Bitcoin prices fell by some 4% Thursday after U.S. Securities and Exchange Commission Chairman Jay Clayton warned investors to approach cryptocurrency markets with caution and said his agency was pursing some market participants for violating federal securities law.
"It is clear that many ... participating in the cryptocurrency-related investment markets are not following [secutities] laws," Clayton said in a statement posted on the agency's Web site. "The SEC and state securities regulators are pursuing violations, but [we] caution you that, if you lose money, there is a substantial risk that our efforts will not result in a recovery of your investment."
Clayton added that while cryptocurrencies are "touted as replacements for traditional currencies, [they] lack many important characteristics of traditional currencies, including sovereign backing and responsibility, and now are being promoted more as investment opportunities than efficient mediums for exchange."
Following Clayton's remarks, bitcoin was trading some 4% lower at $14,538 on the bitsmap exchange in Luxembourg, which feeds prices into the CBOE bitcoin futures contract.

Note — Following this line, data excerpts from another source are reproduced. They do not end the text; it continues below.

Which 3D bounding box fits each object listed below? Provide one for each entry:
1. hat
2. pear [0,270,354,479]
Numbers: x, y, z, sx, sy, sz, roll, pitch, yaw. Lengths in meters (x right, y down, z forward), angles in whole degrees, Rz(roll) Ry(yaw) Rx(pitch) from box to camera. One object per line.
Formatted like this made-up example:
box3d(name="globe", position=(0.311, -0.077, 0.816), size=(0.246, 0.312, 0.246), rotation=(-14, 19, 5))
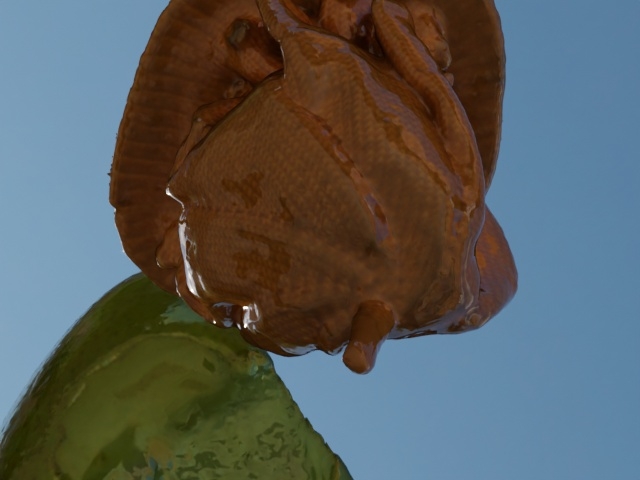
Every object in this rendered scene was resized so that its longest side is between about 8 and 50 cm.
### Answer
box3d(name="hat", position=(0.000, 0.000, 0.910), size=(0.244, 0.233, 0.233), rotation=(-22, -60, 8))
box3d(name="pear", position=(-0.137, 0.188, 1.330), size=(0.286, 0.282, 0.176), rotation=(55, -13, 7))
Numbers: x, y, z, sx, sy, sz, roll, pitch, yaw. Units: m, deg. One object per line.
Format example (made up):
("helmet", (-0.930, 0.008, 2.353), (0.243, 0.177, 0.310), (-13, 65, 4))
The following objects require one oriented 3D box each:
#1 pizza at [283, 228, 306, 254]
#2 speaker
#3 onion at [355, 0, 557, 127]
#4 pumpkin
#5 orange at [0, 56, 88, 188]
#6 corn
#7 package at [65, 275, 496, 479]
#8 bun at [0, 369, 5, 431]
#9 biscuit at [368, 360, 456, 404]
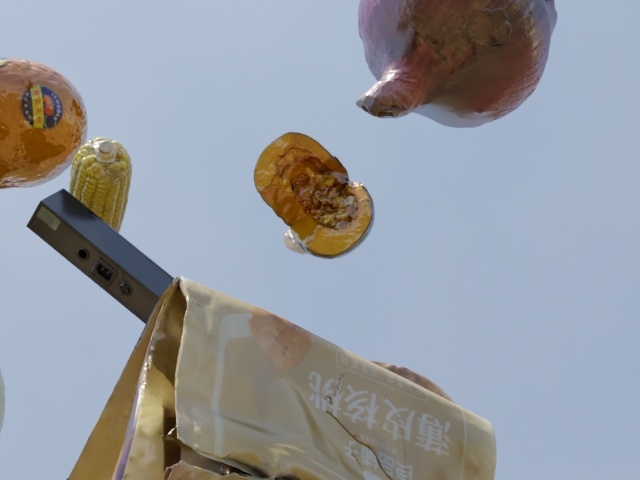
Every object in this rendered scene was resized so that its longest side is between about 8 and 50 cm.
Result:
("pizza", (0.000, 0.001, 1.652), (0.099, 0.160, 0.035), (-13, -75, -24))
("speaker", (-0.212, 0.025, 1.105), (0.191, 0.046, 0.040), (39, -61, 2))
("onion", (0.188, -0.314, 1.751), (0.348, 0.385, 0.347), (30, -31, 20))
("pumpkin", (0.000, -0.051, 1.442), (0.119, 0.183, 0.107), (-37, -20, 0))
("orange", (-0.370, -0.142, 1.296), (0.178, 0.155, 0.177), (-7, -2, 0))
("corn", (-0.251, -0.041, 1.206), (0.067, 0.067, 0.206), (3, -37, -16))
("package", (-0.006, 0.192, 0.809), (0.311, 0.165, 0.221), (30, -94, -25))
("bun", (-0.578, 0.197, 1.310), (0.352, 0.349, 0.227), (14, -56, -32))
("biscuit", (0.057, 0.299, 1.372), (0.296, 0.296, 0.102), (-14, -26, 7))
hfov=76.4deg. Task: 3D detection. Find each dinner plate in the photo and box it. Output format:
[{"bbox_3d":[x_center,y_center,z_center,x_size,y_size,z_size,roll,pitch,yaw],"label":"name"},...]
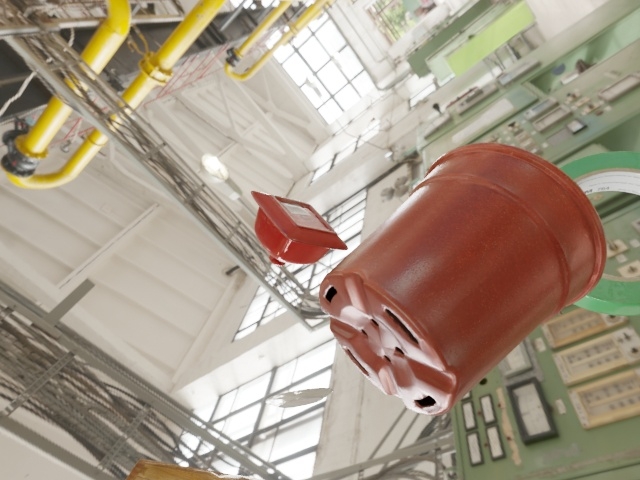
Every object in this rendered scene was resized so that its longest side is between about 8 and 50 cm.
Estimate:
[{"bbox_3d":[-0.042,0.328,0.841,0.141,0.141,0.017,25,-136,-47],"label":"dinner plate"}]

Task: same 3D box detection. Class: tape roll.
[{"bbox_3d":[0.569,-0.019,0.785,0.077,0.322,0.320,49,-158,-55],"label":"tape roll"}]

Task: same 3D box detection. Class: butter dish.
[{"bbox_3d":[-0.059,-0.004,0.764,0.160,0.118,0.160,9,-149,-45],"label":"butter dish"}]

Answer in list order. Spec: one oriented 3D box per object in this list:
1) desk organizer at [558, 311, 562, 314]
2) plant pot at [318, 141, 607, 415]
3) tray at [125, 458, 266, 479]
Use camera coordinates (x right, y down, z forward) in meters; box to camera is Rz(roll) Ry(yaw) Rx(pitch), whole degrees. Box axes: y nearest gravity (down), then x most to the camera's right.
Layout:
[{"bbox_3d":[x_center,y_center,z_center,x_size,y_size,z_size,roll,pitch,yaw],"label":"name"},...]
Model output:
[{"bbox_3d":[0.609,0.165,1.111,0.047,0.050,0.130,69,-161,-5],"label":"desk organizer"},{"bbox_3d":[0.159,0.055,0.523,0.265,0.272,0.272,-36,-88,-27],"label":"plant pot"},{"bbox_3d":[-0.209,0.554,0.656,0.203,0.410,0.076,9,-164,3],"label":"tray"}]
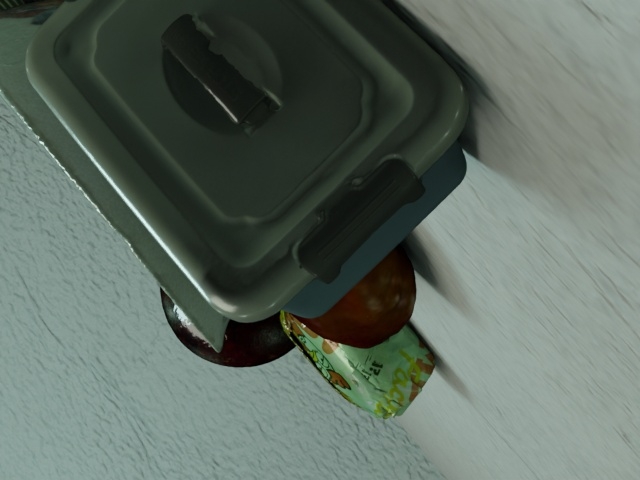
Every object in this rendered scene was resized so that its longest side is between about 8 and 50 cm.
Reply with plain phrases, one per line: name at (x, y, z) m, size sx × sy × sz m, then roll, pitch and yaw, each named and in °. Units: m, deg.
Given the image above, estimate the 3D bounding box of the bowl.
bowl at (-0.173, -0.109, 1.077) m, size 0.435 × 0.196 × 0.435 m, roll 48°, pitch 172°, yaw 9°

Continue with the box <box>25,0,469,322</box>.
box at (-0.034, -0.072, 0.553) m, size 0.227 × 0.162 × 0.130 m, roll 47°, pitch -176°, yaw 26°

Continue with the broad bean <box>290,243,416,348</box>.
broad bean at (-0.001, 0.003, 0.898) m, size 0.228 × 0.122 × 0.156 m, roll 50°, pitch 179°, yaw -40°

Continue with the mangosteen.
mangosteen at (-0.110, 0.033, 1.424) m, size 0.231 × 0.231 × 0.289 m, roll 44°, pitch 142°, yaw 44°

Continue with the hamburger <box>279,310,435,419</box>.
hamburger at (0.037, 0.129, 1.334) m, size 0.235 × 0.125 × 0.214 m, roll 4°, pitch 126°, yaw 62°

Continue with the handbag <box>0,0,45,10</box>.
handbag at (-0.448, -0.358, 1.329) m, size 0.240 × 0.247 × 0.340 m, roll 51°, pitch 168°, yaw -18°
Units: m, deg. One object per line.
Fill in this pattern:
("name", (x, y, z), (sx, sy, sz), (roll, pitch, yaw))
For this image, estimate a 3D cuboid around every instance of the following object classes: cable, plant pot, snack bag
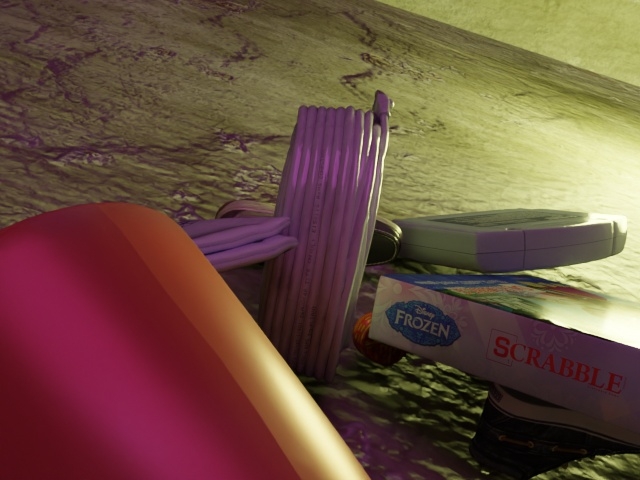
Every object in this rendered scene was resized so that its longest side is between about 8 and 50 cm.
("cable", (0.000, 0.000, 0.768), (0.089, 0.257, 0.257), (11, 28, 1))
("plant pot", (-0.097, 0.156, 0.440), (0.243, 0.275, 0.275), (41, 35, 22))
("snack bag", (-0.243, 0.027, 0.649), (0.342, 0.037, 0.323), (-15, 10, -38))

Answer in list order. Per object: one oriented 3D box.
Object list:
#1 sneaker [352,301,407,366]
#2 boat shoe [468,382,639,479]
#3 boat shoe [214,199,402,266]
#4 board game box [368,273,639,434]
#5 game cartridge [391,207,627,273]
("sneaker", (0.072, 0.086, 0.854), (0.067, 0.064, 0.175), (32, 15, 25))
("boat shoe", (0.228, 0.178, 0.748), (0.183, 0.083, 0.065), (14, 25, -8))
("boat shoe", (-0.014, 0.006, 0.951), (0.223, 0.080, 0.073), (8, 33, -5))
("board game box", (0.265, 0.097, 0.770), (0.318, 0.066, 0.318), (16, 8, 37))
("game cartridge", (0.248, -0.004, 1.055), (0.297, 0.062, 0.198), (-6, 14, -36))

The SEC chief's criticisms echo views expressed late last month by European Central Bank Executive Board member Yves Mersch, who told Germany's Borsen-Zeitung newspaper that the current cyrptocurrency craze could present risk to broader global financial stability.
"Of course, individual investors are free to gamble," Mersch told the financial daily. "However, if something goes wrong, they should not come to us and say we should have outlawed it and protected them from themselves."
The ECB member also warned of other cryptocurrency risks, saying:
- "There are now banks which hold positions in bitcoin. It is a matter for the supervisors to judge how big the risks are."
- "What concerns me most is when financial market infrastructures such as stock exchanges enter this business. That poses a major threat to financial stability."